Decision based uncertainty model to predict rockburst in underground engineering structures using gradient boosting algorithms

  • Kidega, Richard;Ondiaka, Mary Nelima;Maina, Duncan;Jonah, Kiptanui Arap Too;Kamran, Muhammad
    • Geomechanics and Engineering
    • /
    • v.30 no.3
    • /
    • pp.259-272
    • /
    • 2022
  • Rockburst is a dynamic, multivariate, and non-linear phenomenon that occurs in underground mining and civil engineering structures. Predicting rockburst is challenging since conventional models are not standardized. Hence, machine learning techniques would improve the prediction accuracies. This study describes decision based uncertainty models to predict rockburst in underground engineering structures using gradient boosting algorithms (GBM). The model input variables were uniaxial compressive strength (UCS), uniaxial tensile strength (UTS), maximum tangential stress (MTS), excavation depth (D), stress ratio (SR), and brittleness coefficient (BC).

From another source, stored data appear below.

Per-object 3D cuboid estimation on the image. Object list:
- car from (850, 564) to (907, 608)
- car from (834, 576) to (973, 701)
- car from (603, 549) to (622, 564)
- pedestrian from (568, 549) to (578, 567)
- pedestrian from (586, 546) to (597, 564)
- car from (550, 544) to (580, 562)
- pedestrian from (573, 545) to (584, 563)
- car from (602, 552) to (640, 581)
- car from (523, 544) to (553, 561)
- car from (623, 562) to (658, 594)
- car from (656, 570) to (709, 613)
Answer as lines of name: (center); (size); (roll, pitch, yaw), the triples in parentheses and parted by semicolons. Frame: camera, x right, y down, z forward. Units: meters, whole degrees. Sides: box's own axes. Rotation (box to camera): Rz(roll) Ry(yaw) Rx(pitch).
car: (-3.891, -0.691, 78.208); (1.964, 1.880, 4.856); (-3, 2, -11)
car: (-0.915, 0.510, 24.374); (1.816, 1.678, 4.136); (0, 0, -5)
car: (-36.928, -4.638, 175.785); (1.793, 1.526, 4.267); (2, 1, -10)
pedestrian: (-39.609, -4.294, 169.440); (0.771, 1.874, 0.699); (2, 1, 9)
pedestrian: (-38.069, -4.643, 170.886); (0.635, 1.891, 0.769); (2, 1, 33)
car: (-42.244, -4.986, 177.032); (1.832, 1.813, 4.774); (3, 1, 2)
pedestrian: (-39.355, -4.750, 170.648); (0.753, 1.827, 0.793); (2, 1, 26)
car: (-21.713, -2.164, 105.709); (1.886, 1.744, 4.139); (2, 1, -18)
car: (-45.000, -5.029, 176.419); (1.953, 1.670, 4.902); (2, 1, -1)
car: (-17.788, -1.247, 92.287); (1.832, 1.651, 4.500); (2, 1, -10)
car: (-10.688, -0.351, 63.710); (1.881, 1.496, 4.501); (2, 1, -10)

Several models were trained using different combinations of the input variables and a 3-fold cross-validation resampling procedure. The hyperparameters comprising learning rate, number of boosting iterations, tree depth, and number of minimum observations were tuned to attain the optimum models. The performance of the models was tested using classification accuracy, Cohen's kappa coefficient (k), sensitivity and specificity. The best-performing model showed a classification accuracy, k, sensitivity and specificity values of 98%, 93%, 1.00 and 0.957 respectively by optimizing model ROC metrics. The most and least influential input variables were MTS and BC, respectively. The partial dependence plots revealed the relationship between the changes in the input variables and model predictions. The findings reveal that GBM can be used to anticipate rockburst and guide decisions about support requirements before mining development.